The revised Workers class shows how to respond to the queue shutting down, as well as the simpler logic resulting from fuller use of the ACE_Message_Queue class's capabilities:
class Workers : public ACE_Task<ACE_MT_SYNCH>
{
public:
Workers ()
{ }
virtual int svc (void)
{
while (1)
{
ACE_Message_Block *mb = 0;
if (this->getq (mb) == -1)
{
ACE_DEBUG ((LM_INFO,
ACE_TEXT ("(%t) Shutting down
")));
break;
}
// Process the message.
process_message (mb);
}
return 0;
}
Remember that all the threads in the pool are executing in the same Workers object. The ACE_Message_Queue class contains all the logic necessary to safely and fairly dequeue message blocks for processing.
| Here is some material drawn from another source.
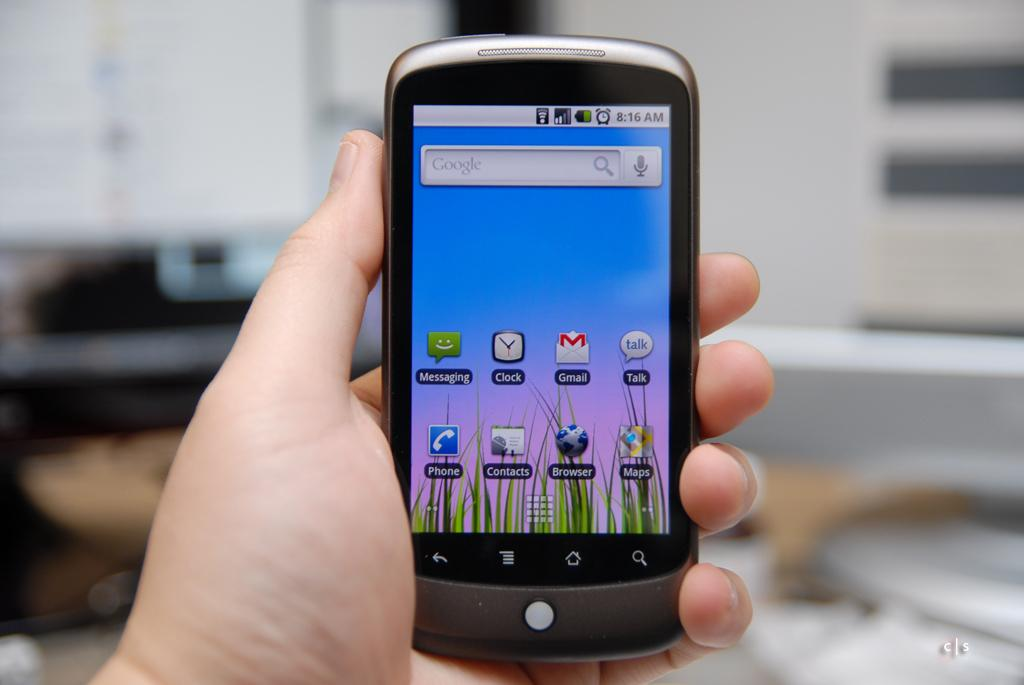<image>
Provide a brief description of the given image. Left hand holding a large cellphone with Yahoo Gmail and other apps on front of screen. 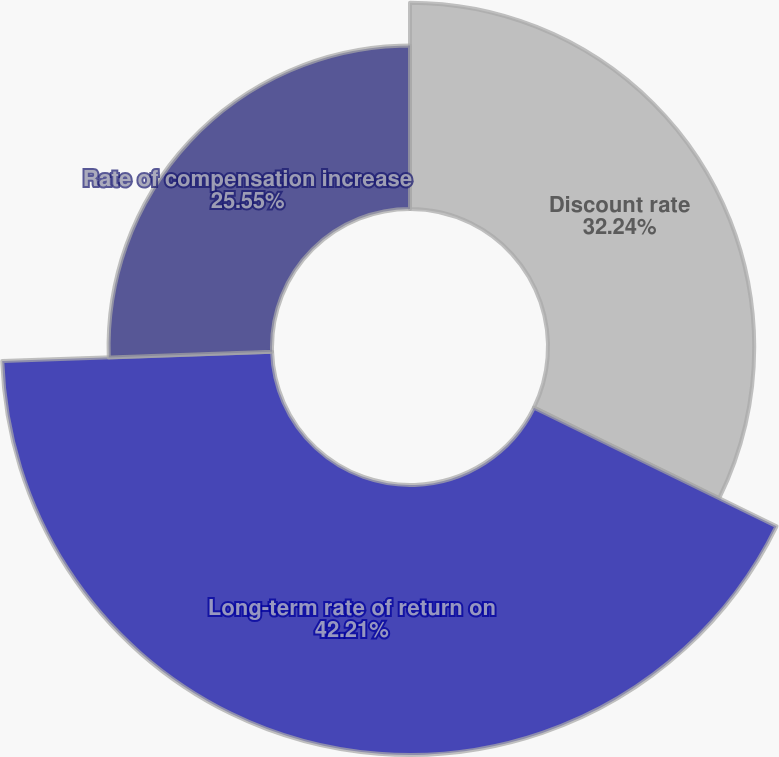<chart> <loc_0><loc_0><loc_500><loc_500><pie_chart><fcel>Discount rate<fcel>Long-term rate of return on<fcel>Rate of compensation increase<nl><fcel>32.24%<fcel>42.21%<fcel>25.55%<nl></chart>

16.2.2 Using an Activation Queue and Futures
In the previous example, we kept things simple by using simple message blocks as the unit of work. We also assumed that the client thread that enqueues the work on the Manager's queue did not require any results. Although both of these conditions are often true, sometimes a more object-oriented solution is more appropriate: using method requests as the unit of work and futures as results.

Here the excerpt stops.